Axis-aligned vs. oblique conditions
An axis-aligned condition involves only a single feature. An oblique condition involves multiple features. For example, the following is an axis-aligned condition:
num_legs ≥ 2
While the following is an oblique condition:
num_legs ≥ num_fingers
Often, decision trees are trained with only axis-aligned conditions. However, oblique splits are more powerful because they can express more complex patterns. Oblique splits sometime produce better results at the expense of higher training and inference costs.
split_axis="SPARSE_OBLIQUE"
parameter.
Figure 4. Examples of an axis-aligned condition and an oblique condition.
Graphing the preceding two conditions yields the following feature space separation:
Figure 5. Feature space separation for the conditions in Figure 4.

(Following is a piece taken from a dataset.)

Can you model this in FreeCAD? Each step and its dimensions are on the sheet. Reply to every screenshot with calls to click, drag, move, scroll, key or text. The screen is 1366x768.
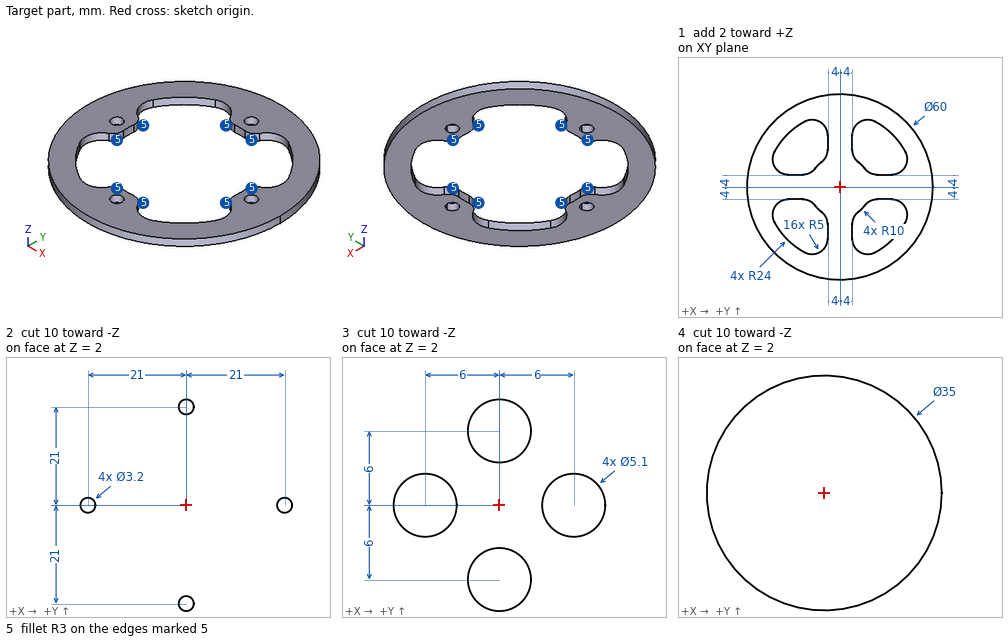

Binary vs. non-binary conditions
Conditions with two possible outcomes (for example, true or false) are called binary conditions. Decision trees containing only binary conditions are called binary decision trees.
Non-binary conditions have more than two possible outcomes. Therefore, non-binary conditions have more discriminative power than binary conditions. Decisions containing one or more non-binary conditions are called non-binary decision trees.
Figure 6: Binary versus non-binary decision trees.
Conditions with too much power are also more likely to overfit. For this reason, decision forests generally use binary decision trees, so this course will focus on them.
The most common type of condition is the threshold condition expressed as:
feature ≥ threshold
For example:
num_legs ≥ 2
Other types of conditions exist. Following are other commonly used types of binary conditions:
Table 2. Common types of binary conditions.
Name | Condition | Example |
threshold condition | $\mathrm{feature}_i \geq \mathrm{threshold}$ | $\mathrm{num\_legs} \geq 2$ |
equality condition | $\mathrm{feature}_i = \mathrm{value}$ | $\mathrm{species} = ``cat"$ |
in-set condition | $\mathrm{feature}_i \in \mathrm{collection}$ | $\mathrm{species} \in \{``cat", ``dog", ``bird"\}$ |
oblique condition | $\sum_{i} \mathrm{weight}_i \mathrm{feature}_i \geq \mathrm{threshold}$ | $5 \ \mathrm{num\_legs} + 2 \ \mathrm{num\_eyes} \geq 10$ |
feature is missing | $\mathrm{feature}_i \mathrm{is} \mathrm{Missing}$ | $\mathrm{num\_legs} \mathrm{is} \mathrm{Missing}$ |